Saved data entries
______

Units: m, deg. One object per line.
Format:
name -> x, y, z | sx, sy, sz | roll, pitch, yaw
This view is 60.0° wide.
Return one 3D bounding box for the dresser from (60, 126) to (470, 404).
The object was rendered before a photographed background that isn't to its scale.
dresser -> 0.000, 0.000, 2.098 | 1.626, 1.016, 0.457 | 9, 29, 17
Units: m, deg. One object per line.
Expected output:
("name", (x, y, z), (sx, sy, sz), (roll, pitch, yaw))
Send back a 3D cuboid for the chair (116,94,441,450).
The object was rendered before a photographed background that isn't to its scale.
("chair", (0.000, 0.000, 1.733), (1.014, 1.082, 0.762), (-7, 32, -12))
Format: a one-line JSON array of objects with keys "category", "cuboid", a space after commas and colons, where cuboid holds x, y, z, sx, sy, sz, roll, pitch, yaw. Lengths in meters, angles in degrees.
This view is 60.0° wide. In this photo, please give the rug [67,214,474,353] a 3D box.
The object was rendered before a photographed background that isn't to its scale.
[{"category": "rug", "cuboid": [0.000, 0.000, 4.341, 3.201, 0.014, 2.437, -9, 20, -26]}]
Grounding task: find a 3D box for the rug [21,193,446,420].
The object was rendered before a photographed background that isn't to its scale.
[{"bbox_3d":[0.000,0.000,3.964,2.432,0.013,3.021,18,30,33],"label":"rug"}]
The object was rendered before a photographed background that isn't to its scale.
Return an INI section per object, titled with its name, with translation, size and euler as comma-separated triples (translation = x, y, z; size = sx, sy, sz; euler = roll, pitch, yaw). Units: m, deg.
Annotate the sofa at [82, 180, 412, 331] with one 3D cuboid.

______

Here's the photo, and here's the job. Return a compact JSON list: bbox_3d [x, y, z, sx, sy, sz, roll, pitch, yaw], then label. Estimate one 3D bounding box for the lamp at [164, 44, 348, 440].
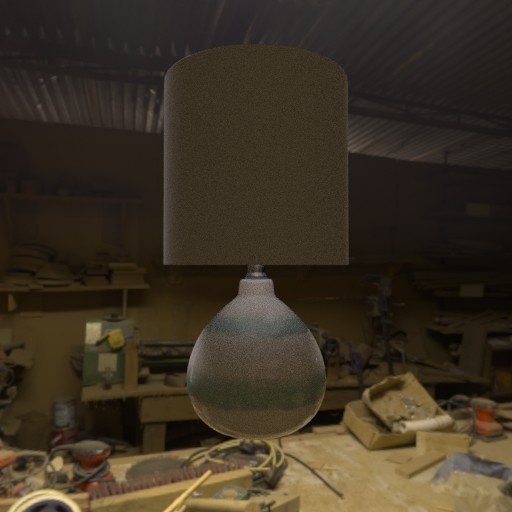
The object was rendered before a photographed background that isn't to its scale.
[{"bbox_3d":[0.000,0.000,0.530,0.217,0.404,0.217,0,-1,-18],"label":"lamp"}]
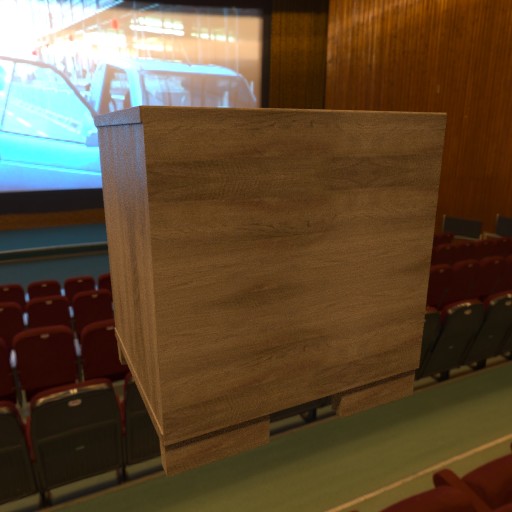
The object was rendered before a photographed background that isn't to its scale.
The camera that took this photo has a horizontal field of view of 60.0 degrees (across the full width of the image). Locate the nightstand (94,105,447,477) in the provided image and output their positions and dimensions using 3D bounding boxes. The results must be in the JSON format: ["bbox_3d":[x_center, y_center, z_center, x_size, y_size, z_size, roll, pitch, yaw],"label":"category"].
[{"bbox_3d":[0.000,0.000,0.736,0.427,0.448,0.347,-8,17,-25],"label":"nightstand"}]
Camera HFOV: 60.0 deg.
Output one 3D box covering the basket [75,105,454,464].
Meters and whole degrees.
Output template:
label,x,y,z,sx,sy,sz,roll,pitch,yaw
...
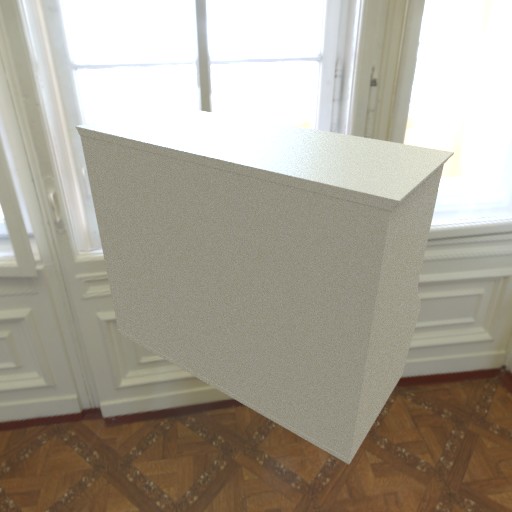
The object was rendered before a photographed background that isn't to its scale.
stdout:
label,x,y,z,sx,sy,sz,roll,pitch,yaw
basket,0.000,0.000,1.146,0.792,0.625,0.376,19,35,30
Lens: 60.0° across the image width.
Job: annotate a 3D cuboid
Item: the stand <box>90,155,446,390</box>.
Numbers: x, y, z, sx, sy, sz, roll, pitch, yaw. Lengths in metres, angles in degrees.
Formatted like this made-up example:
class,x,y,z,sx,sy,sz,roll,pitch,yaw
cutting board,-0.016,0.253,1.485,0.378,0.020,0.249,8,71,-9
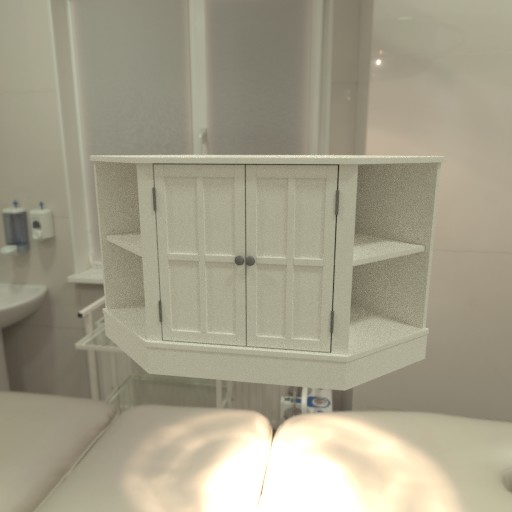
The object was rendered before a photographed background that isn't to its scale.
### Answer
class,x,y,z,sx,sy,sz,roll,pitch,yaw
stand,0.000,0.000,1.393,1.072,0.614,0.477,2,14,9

______

● **Brief**
Nothing but a number should be given: the number of lines in the records that contain the word "name".

● **Task answer**
3